Poorly controlled master data confuses everything – same customers, FG’s (finished goods) or RM’s (raw materials) entered multiple times but called different things. And the bigger and more distributed the company, the more this can happen. Reports are wrong or time-consuming to fix; customers are upset by incorrect, incomplete or late delivery; procurement over-order to create safety stocks; sales can’t accurately forecast delivery dates; labels or documents may be wrong which can be inconvenient or, more seriously, can have legal or safety implications.
Fundamentally, poor data can make it hard to take advantage of efficiencies of scale. New systems are rolled out but problems remain and a growing business becomes less profitable rather than more profitable.
What are the root causes and real solutions?
1. Strong leadership or ownership.
Data is difficult, detailed and, let’s be honest, it’s not very interesting.
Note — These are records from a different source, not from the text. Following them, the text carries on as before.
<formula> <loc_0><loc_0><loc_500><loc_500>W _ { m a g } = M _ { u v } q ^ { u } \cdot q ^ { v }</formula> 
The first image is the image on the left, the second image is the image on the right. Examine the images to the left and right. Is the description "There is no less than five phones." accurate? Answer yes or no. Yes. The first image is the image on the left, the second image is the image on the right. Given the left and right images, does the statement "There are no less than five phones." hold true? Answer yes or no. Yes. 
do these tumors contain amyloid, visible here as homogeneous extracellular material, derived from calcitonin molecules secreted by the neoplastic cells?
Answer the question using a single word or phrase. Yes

Solution vendors are contracted to deliver some tech, so they don’t really care. Everyone’s too busy doing their day job so it may get left to the Finance or IT teams to sort it out, and they may not have the knowledge to fix issues or the authority to get people to change bad habits?
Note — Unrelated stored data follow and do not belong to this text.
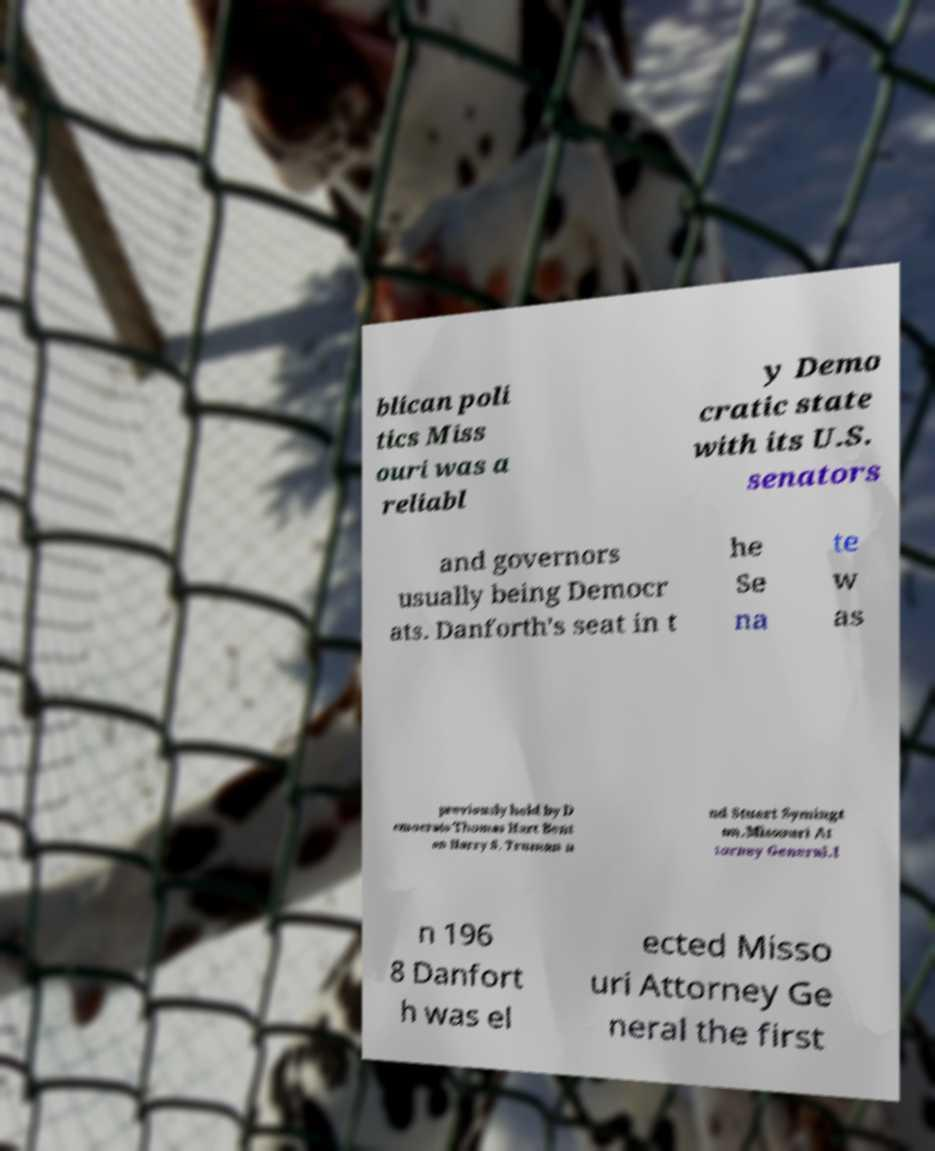Can you read and provide the text displayed in the image?This photo seems to have some interesting text. Can you extract and type it out for me? blican poli tics Miss ouri was a reliabl y Demo cratic state with its U.S. senators and governors usually being Democr ats. Danforth's seat in t he Se na te w as previously held by D emocrats Thomas Hart Bent on Harry S. Truman a nd Stuart Symingt on.Missouri At torney General.I n 196 8 Danfort h was el ected Misso uri Attorney Ge neral the first 
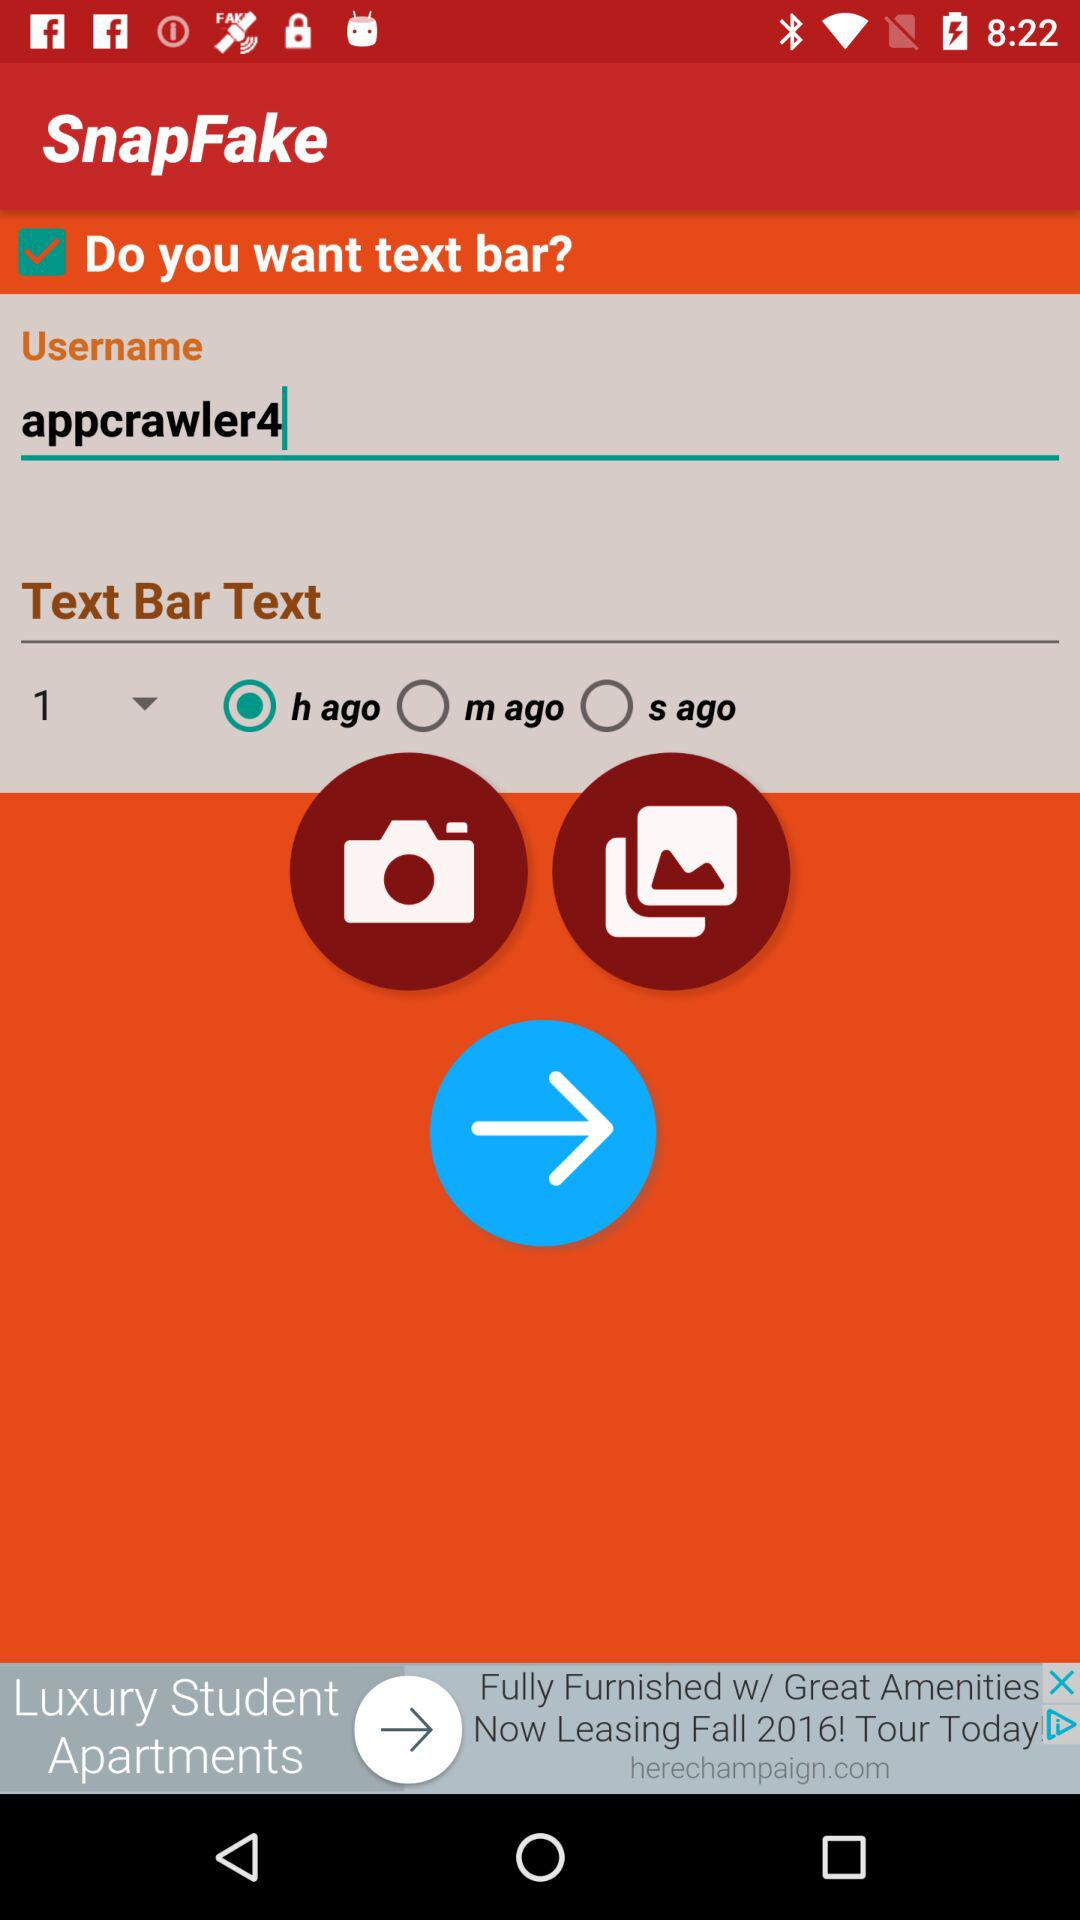Which option is selected? The selected option is "h ago". 
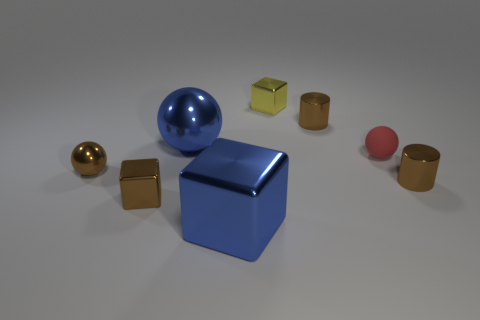Subtract all tiny yellow blocks. How many blocks are left? 2 Subtract 1 spheres. How many spheres are left? 2 Subtract all gray blocks. Subtract all gray cylinders. How many blocks are left? 3 Add 2 blocks. How many objects exist? 10 Subtract 0 red cylinders. How many objects are left? 8 Subtract all cylinders. How many objects are left? 6 Subtract all brown shiny cubes. Subtract all blue balls. How many objects are left? 6 Add 7 blue metal blocks. How many blue metal blocks are left? 8 Add 8 tiny metallic cylinders. How many tiny metallic cylinders exist? 10

This issue has strategic implications so a Board-level leader needs to take ownership. The individual needs to have time to get to the bottom of the issues, experience of this kind of work, and authority to make decisions and get things done.
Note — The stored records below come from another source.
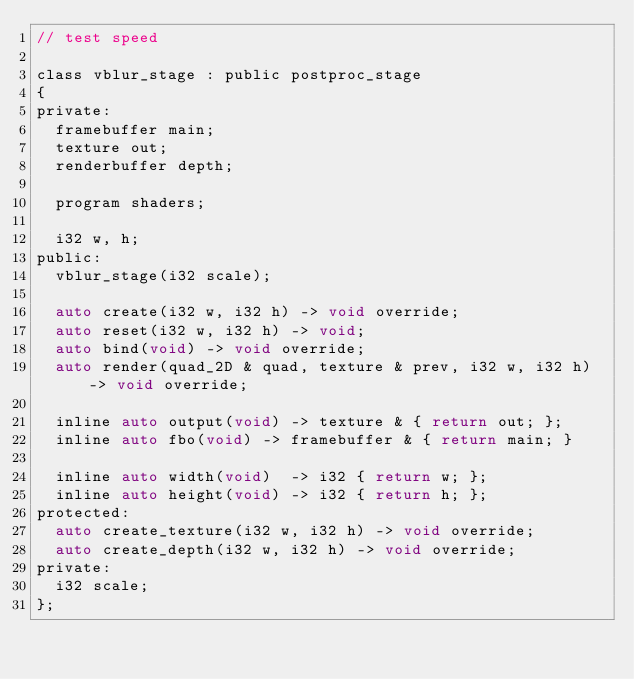Convert code to text. <code><loc_0><loc_0><loc_500><loc_500><_C_>// test speed

class vblur_stage : public postproc_stage
{
private:
	framebuffer main;
	texture out;
	renderbuffer depth;

	program shaders;

	i32 w, h;
public:
	vblur_stage(i32 scale);

	auto create(i32 w, i32 h) -> void override;
	auto reset(i32 w, i32 h) -> void;
	auto bind(void) -> void override;
	auto render(quad_2D & quad, texture & prev, i32 w, i32 h) -> void override;

	inline auto output(void) -> texture & { return out; };
	inline auto fbo(void) -> framebuffer & { return main; }

	inline auto width(void)  -> i32 { return w; };
	inline auto height(void) -> i32 { return h; };
protected:
	auto create_texture(i32 w, i32 h) -> void override;
	auto create_depth(i32 w, i32 h) -> void override;
private:
	i32 scale;
};</code> 
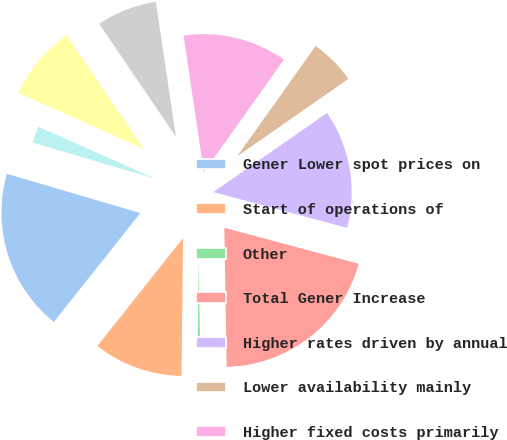Convert chart to OTSL. <chart><loc_0><loc_0><loc_500><loc_500><pie_chart><fcel>Gener Lower spot prices on<fcel>Start of operations of<fcel>Other<fcel>Total Gener Increase<fcel>Higher rates driven by annual<fcel>Lower availability mainly<fcel>Higher fixed costs primarily<fcel>Unfavorable FX remeasurement<fcel>Total Argentina Decrease<fcel>Higher volume of energy sales<nl><fcel>18.88%<fcel>10.5%<fcel>0.45%<fcel>20.56%<fcel>13.85%<fcel>5.48%<fcel>12.18%<fcel>7.15%<fcel>8.83%<fcel>2.12%<nl></chart>

2. A complete strategy and solution.
Data problems often reflect process problems, or lack of alignment between people and departments. It may not be clear internally who is responsible for what, for updating data as things change, for correcting data if errors are found. Perhaps this kind of thing falls to some very over-stretched helpful people – and Directors wonder what they’re doing all day. There may be no-one who has time to get to the bottom of what goes on and why.
Sales, finance and production teams’ reports simply won’t agree if they are working from different base information, but they may have good reason for this and fixing the problem may require process changes, technology changes and some retraining (or even “redeployment” if the real issue is particular people!)
We often see data issues resulting from multiple systems being used but there may be good reasons for this. For example, specialist warehouse management solutions are often used as they integrate with advanced technology such as voice or sight picking which isn’t supported by basic ERP platform. But if you have separate systems there needs to be clarity around as to which system owns what data (eg ERP owns stock quantities, WHM owns stock location) and interfaces need to be complete, tested and working.
Overall the architecture of the processes, systems, and data needs to be clear, simple, well structured and then well implemented. Processes and data standard need to be defined and enforced. These activities need to be monitored and corrected when necessary.
3. Long-termism and commercial realism!
Data issues often arise because lack of time and commercial pressures mean that shortcuts are necessary. Getting data right may be a matter of diminishing returns as obscure problems can be very difficult and time-consuming to fix, and they may just not worth it!
The most important thing is to make considered and rational decisions. List the data problems, estimate the necessary effort for each, and the business impact. If short-term pressures mean that a problem won’t be fixed now, then perhaps it’s on the list for next month. The impact of these data problems can be monitored and, when time allows, further progress can be made.
Deciding to tolerate a problem for now is not the same as ignoring it or sweeping it under the carpet!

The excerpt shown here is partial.